This morning Arizona began what is expected to be four consecutive days of temperatures at freezing or below, the first time that has happened since 1988, with cold air coming directly up from the Arctic. (The Arctic? Seriously?) So everyone is talking about the “hard freeze”. (Is there such a thing as a soft freeze?)
Cover your plants!
Put a bucket on top of your cactus!
We have weather!!!
In the meantime, the snowbirds are walking around in shorts and looking at us like we’re crazy. There have actually been reports of them calling us wimps. But there is nothing like months and months of warm weather to turn one into a wimp. And only in Arizona can someone holding a thermometer that currently registers forty degrees actually make it onto the news.
It’s easy to get caught up in the thrilling nature of...well…nature. Yesterday I came home from work full of information about how we needed to protect our outside pipes by covering them up, running the pool motor all night and leaving the outside faucets dripping slightly. Until my practical husband reminded me that back in New Jersey we also had outdoor faucets, and even during nights when the temps hovered around zero, they never burst.
And how about those outdoor plants? Nowhere will you see such angry prickly foliage better taken care of than here. Like truculent teenage offspring, our plants may cut us just because we walk too close to them, but there’s no way we’re going to let them catch a chill. I’ll wager there are more sheets and blankets currently on your neighborhood’s bouganvilla than even exist in some Third World countries. The cactus are wearing hats, and the news is churning out reports of how to recognize frostbite on them, as though they were motherless babies that somehow showed up overnight on doorsteps everywhere.
But what did these plants do before we all got here? What about the cactus in the still undeveloped parts of the state? Do they wear hats? No. They do what they’ve always done. They survive or, if this cold gets them a little down, they revive.
I admit it’s a bit chilly.

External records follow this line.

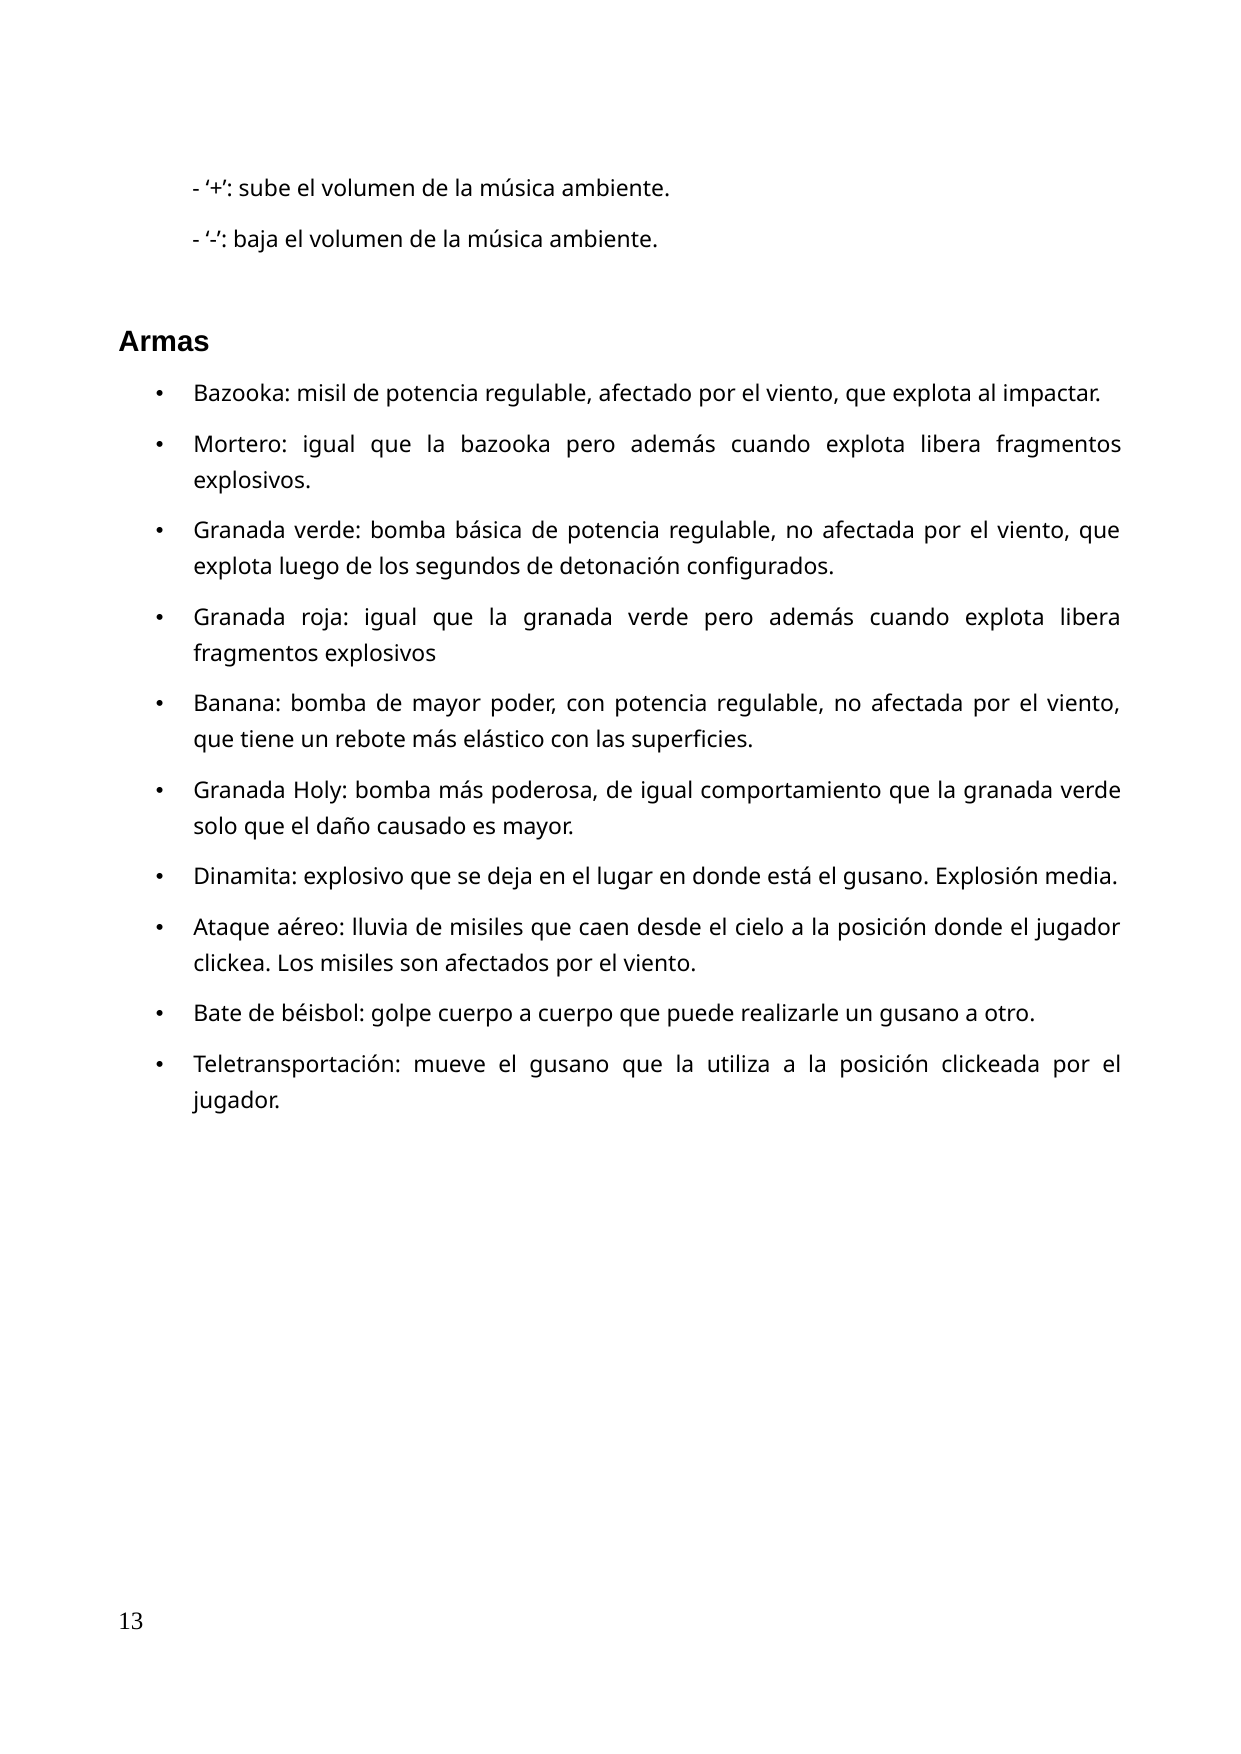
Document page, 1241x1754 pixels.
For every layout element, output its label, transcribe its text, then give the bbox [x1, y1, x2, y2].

text Armas [118, 324, 1122, 358]
list Granada roja: igual que la granada verde pero además cuando explota libera fragmentos explosivos [156, 601, 1122, 668]
list Granada Holy: bomba más poderosa, de igual comportamiento que la granada verde solo que el daño causado es mayor. [156, 774, 1122, 841]
list Teletransportación: mueve el gusano que la utiliza a la posición clickeada por el jugador. [156, 1048, 1122, 1115]
list Dinamita: explosivo que se deja en el lugar en donde está el gusano. Explosión media. [156, 860, 1122, 891]
list Mortero: igual que la bazooka pero además cuando explota libera fragmentos explosivos. [156, 428, 1122, 495]
list Ataque aéreo: lluvia de misiles que caen desde el cielo a la posición donde el jugador clickea. Los misiles son afectados por el viento. [156, 911, 1122, 978]
text - ‘-’: baja el volumen de la música ambiente. [118, 223, 1122, 254]
list Bate de béisbol: golpe cuerpo a cuerpo que puede realizarle un gusano a otro. [156, 997, 1122, 1028]
list Bazooka: misil de potencia regulable, afectado por el viento, que explota al impactar. [156, 377, 1122, 408]
list Banana: bomba de mayor poder, con potencia regulable, no afectada por el viento, que tiene un rebote más elástico con las superficies. [156, 687, 1122, 754]
text - ‘+’: sube el volumen de la música ambiente. [118, 172, 1122, 204]
list Granada verde: bomba básica de potencia regulable, no afectada por el viento, que explota luego de los segundos de detonación configurados. [156, 514, 1122, 581]

Last night when I went out I did something I rarely do. I wore my full-on winter coat that came here with me from New Jersey. And as I walked through a restaurant I heard a woman (no doubt a winter visitor) say to her dinner partner, “People are actually wearing coats!”
Yes, lady, we wear coats in this weather. And boots and scarves and gloves. Because it’s so rare that we can, and because we get sick to death of shorts, tee shirts and flip flops! But we are still human beings. If you prick us, do we not bleed? If you expose us to 110 degrees, do we not sweat? (Actually, we don’t. That may be where the line is drawn between us and the snowbirds.)
Cut us a break. We don’t have furnaces, only heat pumps, and the house is chilly even with the heat on. It’s a no burn weekend. And it seems like every day another thousand or so of us have the flu. Something’s gotta give.
So calm down, everybody. It will get warm again, your plants will make it, and it is okay to wear a real coat in public. One day in July, we will look back on this weekend and become misty-eyed.
And you snowbirds? We welcome you and your spending. We understand Arizona is not cold compared to wherever you came from. But let’s make a deal: don’t make fun of how we handle “winter”, and we won’t make fun of your driving habits.